O Conservador Tecnológico A adoção de jovens por casais LGBT e o Conservadorismo - Parte 1

A adoção de jovens por casais LGBT e o Conservadorismo - Parte 1

A miopia de uma discussão que deveria ser simples acaba por se transformar em um cabo de guerra entre radicais e fundamentalistas. E só quem perde é a sociedade brasileira

Ter uma família é ter uma casa. E ter uma boa casa é ótimo para a sociedade

Ter uma família é ter uma casa. E ter uma boa casa é ótimo para a sociedade

Pixabay

Sim, sou conservador na defesa moral e liberal na questão econômica. Prefiro sempre começar reafirmando minha posição para que você já saiba a linha que seguirei nos meus textos. Ser Conservador é ser PRUDENTE, CÉTICO, RACIONAL, respeitar as instituições do passado e buscar evoluir com a sociedade, preservando uma moral adequada ao seu funcionamento. O conservador, sempre, repito, sempre olhará o bem maior para a sociedade antes de defender sua posição. Ponto.

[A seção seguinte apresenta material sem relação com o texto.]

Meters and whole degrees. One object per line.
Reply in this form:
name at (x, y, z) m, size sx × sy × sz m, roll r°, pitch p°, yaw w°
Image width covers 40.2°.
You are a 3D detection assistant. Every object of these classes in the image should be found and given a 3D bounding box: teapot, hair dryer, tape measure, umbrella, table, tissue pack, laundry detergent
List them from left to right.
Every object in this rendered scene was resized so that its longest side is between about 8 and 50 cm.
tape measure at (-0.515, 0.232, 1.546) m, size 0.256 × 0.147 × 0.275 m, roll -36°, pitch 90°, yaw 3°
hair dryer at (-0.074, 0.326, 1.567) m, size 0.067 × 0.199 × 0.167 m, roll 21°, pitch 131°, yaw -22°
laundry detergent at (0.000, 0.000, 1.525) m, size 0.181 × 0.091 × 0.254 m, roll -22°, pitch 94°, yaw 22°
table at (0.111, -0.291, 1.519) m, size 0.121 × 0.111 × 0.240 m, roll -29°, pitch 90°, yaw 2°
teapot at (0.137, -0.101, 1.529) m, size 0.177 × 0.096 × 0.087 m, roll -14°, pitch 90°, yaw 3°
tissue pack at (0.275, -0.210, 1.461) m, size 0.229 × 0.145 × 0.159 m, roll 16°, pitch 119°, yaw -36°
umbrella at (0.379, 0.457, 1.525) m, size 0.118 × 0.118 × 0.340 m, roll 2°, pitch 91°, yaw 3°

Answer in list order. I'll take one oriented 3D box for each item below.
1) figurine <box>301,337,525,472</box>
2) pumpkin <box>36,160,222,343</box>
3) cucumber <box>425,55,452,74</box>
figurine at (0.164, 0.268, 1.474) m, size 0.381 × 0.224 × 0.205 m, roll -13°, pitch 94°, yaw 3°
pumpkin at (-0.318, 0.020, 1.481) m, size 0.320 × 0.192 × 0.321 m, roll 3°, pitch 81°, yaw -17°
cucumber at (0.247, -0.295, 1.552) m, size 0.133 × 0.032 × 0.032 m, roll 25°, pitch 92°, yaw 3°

Esta discussão da adoção de crianças e adolescentes por casais homoafetivos costuma despertar, de lado a lado, sentimentos primitivos em quem se envolve com o debate. Mas o meu texto é direcionado a você, do espectro de pensamento conservador, seja professante de alguma religião seja ligado puramente ao racionalismo. O debate costuma não ter um andamento adequado porque muitos já começam argumentando de forma equivocada: "Eles são gays e não uma família tradicional como está na Bíblia". Ou mesmo: "Eles vão adotar e depois ensinarão a criança e o adolescente a serem gays também". Tem outro argumento que gosto muito de estudar: "Imagine uma reunião de escola e aparecem dois pais ou duas mães". A falha destas pseudo argumentações está justamente em não investigar suas próprias colocações. Não existe, ao menos que eu saiba, no mundo, algo empírico, que prove que a adoção de crianças e adolescentes por casais homoafetivos tem o ensinamento, em casa, ao adotado, para que também sejam LGBTs. Como se houvesse uma cartilha. Até por quê esta dúvida, a princípio, não faz o menor sentido, uma vez que temos LGBTs em famílias hetero.

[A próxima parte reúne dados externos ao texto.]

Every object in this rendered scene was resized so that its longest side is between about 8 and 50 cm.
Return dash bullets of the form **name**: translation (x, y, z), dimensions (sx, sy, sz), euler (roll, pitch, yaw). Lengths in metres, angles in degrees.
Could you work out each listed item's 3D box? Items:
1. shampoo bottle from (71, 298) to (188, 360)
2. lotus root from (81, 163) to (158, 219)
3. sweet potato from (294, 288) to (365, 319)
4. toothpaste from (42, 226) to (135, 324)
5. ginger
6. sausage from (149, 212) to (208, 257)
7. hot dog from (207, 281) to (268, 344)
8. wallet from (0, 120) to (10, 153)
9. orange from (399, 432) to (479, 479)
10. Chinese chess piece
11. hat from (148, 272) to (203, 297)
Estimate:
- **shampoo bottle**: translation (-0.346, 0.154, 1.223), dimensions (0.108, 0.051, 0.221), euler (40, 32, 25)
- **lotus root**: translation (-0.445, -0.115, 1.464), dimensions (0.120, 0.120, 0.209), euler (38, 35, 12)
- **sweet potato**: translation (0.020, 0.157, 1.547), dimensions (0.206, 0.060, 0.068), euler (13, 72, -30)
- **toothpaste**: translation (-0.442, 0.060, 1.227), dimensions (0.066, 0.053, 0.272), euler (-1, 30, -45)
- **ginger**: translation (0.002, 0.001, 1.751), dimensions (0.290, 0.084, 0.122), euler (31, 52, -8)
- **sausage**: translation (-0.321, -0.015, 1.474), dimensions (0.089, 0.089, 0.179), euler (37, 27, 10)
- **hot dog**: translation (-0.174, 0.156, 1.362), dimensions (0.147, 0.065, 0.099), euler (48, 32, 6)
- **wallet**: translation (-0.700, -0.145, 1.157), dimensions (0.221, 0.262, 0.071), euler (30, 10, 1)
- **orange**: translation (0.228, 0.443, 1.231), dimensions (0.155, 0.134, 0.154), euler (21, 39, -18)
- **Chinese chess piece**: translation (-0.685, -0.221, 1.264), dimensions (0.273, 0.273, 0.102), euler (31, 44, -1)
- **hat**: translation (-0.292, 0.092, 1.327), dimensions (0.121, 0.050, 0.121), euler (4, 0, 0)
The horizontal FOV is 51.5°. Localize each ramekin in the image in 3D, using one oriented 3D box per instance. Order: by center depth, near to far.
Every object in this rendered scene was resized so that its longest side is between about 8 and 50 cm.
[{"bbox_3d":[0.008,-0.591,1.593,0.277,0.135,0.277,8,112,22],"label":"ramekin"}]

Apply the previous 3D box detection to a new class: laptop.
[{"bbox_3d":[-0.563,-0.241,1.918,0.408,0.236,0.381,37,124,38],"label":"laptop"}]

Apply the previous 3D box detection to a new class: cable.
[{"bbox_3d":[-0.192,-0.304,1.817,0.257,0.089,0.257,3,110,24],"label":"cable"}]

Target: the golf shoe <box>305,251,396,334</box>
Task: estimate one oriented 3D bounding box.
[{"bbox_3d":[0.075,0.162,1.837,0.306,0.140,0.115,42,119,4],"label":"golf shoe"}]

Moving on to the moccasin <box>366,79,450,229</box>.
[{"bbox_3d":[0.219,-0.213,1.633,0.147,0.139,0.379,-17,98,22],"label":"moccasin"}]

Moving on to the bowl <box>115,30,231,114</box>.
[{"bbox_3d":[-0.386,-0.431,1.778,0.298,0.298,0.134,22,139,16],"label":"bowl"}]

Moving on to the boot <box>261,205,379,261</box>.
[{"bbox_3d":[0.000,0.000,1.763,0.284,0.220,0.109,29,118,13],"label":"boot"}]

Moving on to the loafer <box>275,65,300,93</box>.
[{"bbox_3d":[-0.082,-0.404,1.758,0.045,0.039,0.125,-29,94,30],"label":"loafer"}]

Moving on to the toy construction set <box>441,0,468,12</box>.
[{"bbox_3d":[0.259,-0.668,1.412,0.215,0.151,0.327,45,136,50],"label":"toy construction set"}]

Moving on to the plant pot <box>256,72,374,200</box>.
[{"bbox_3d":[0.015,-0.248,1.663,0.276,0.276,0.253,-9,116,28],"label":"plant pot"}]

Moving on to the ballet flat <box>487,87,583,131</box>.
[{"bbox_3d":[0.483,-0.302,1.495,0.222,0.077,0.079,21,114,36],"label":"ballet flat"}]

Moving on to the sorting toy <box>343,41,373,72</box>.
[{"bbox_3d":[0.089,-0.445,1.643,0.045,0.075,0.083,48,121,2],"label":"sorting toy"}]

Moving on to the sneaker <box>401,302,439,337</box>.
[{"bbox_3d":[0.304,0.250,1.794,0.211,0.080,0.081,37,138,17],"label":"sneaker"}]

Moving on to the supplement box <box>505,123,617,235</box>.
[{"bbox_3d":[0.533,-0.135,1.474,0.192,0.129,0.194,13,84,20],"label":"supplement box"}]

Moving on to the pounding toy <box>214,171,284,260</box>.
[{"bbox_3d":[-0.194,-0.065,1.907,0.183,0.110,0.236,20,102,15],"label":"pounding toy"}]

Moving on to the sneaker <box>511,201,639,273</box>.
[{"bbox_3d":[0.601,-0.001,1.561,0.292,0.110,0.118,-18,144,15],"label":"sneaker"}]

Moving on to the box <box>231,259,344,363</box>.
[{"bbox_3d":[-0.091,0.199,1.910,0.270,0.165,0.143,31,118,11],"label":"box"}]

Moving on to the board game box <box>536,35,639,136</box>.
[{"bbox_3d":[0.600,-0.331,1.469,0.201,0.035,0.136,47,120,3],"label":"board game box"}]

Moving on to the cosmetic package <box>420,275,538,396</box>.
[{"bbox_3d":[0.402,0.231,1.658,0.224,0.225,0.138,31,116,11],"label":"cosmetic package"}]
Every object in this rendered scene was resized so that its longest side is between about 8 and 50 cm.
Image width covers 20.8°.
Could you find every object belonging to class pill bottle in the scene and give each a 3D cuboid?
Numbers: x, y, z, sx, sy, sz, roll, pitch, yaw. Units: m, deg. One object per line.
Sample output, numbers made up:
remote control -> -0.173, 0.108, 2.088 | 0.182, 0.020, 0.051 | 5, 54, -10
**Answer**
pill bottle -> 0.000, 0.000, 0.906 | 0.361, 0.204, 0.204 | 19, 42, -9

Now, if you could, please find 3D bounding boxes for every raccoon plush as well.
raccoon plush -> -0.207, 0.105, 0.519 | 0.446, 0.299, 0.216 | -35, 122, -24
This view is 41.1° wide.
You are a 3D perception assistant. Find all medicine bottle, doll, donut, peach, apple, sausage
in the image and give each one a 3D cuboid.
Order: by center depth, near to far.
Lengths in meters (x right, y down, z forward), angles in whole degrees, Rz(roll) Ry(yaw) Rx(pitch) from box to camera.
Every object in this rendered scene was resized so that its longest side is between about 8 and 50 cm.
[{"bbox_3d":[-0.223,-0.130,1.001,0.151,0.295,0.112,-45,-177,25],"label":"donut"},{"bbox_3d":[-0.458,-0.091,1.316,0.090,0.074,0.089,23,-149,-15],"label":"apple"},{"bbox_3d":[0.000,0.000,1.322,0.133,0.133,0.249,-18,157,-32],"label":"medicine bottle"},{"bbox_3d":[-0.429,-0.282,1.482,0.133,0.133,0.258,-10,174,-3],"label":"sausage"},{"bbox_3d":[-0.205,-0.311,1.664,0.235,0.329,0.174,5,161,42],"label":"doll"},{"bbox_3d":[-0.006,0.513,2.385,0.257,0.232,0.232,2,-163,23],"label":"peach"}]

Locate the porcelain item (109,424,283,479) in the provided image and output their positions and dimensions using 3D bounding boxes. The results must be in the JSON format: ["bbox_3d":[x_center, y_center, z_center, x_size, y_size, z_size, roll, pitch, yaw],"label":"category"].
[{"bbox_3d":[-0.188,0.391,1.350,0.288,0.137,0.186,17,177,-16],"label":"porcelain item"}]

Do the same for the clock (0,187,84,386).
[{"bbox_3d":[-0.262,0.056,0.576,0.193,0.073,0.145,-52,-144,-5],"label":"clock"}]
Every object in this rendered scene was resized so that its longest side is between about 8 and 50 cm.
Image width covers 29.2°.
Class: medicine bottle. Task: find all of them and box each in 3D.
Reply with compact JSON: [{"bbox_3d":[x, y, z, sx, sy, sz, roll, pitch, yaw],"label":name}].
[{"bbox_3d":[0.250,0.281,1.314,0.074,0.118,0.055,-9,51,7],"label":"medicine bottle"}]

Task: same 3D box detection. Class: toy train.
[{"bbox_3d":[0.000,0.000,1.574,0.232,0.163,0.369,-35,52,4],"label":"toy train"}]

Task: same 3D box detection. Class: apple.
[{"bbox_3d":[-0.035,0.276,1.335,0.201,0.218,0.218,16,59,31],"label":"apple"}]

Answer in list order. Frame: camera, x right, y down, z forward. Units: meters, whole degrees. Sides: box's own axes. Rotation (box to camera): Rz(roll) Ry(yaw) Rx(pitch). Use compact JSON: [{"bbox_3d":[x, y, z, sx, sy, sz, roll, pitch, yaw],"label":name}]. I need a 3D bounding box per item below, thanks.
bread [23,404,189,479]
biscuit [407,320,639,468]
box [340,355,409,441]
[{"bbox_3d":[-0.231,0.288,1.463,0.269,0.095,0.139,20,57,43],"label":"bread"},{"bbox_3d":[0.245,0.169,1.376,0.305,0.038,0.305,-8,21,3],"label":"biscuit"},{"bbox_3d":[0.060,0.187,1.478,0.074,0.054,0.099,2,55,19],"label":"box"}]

Esta falta de provas e debate raso faz com que se desvie da verdadeira pergunta que o pensamento Conservador propõe para este tema, que é:

O QUE É MELHOR PARA A SOCIEDADE EM CASOS DE ABANDONO OU VULNERABILIDADE SOCIAL DE UM CRIANÇA OU ADOLESCENTE?

Para a sociedade, é melhor uma criança ou adolescente morando na rua, em algum abrigo, com fome, sem lar, carinho, educação, amor e comida e exposto à sua própria sorte ou seria melhor que esta criança ou jovem tenha casa, comida, amor, um lar e educação? Perceba que nesta primeira pergunta, que é central para nossa discussão, tanto faz quem sejam os pais e mães, desde que cumpram com o sentido moral de acolhimento completo desta pessoa em desenvolvimento. Na escala VALORATIVA, a questão é esta. Eu não pergunto se são heteros ou gays. Eu pergunto qual o maior benefício para a SOCIEDADE. Ponto.

E sob este ponto, não há dúvidas de que os Conservadores deveriam apoiar sim a adoção por casais homoafetivos, uma vez que, para a sociedade, o bem maior reside em que esta criança ou adolescente tenha a proteção adequada. Importante lembrar que o processo de adoção no Brasil tem melhorado muito no quesito tempo e as entrevistas das assistentes sociais costumam ser muito profissionais e técnicas. Importante lembrar também a quem deseja seguir um caminho de comportamento conservador que caráter não é uma questão que possa ser atribuída ao fato deste ou daquele ser homossexual ou heterosexual. 

Portanto, de forma clara, podemos afirmar que, do ponto de vista de uma escala valorativa nos conceitos conservadores, a adoção por casais homoafetivos não causa prejuízo algum à sociedade. Porém, existem questões posteriores a esta primeira que devem também ser respondidas e no próximo texto tentarei entrar mais fundo nos debates sobre a importância dos papéis de pai e mãe. O importante é tentar sempre se posicionar à luz da racionalidade, sem entrar na onda das militâncias, que de fato não apresentam nada além de um debate baseado na suposição e no discurso raivoso.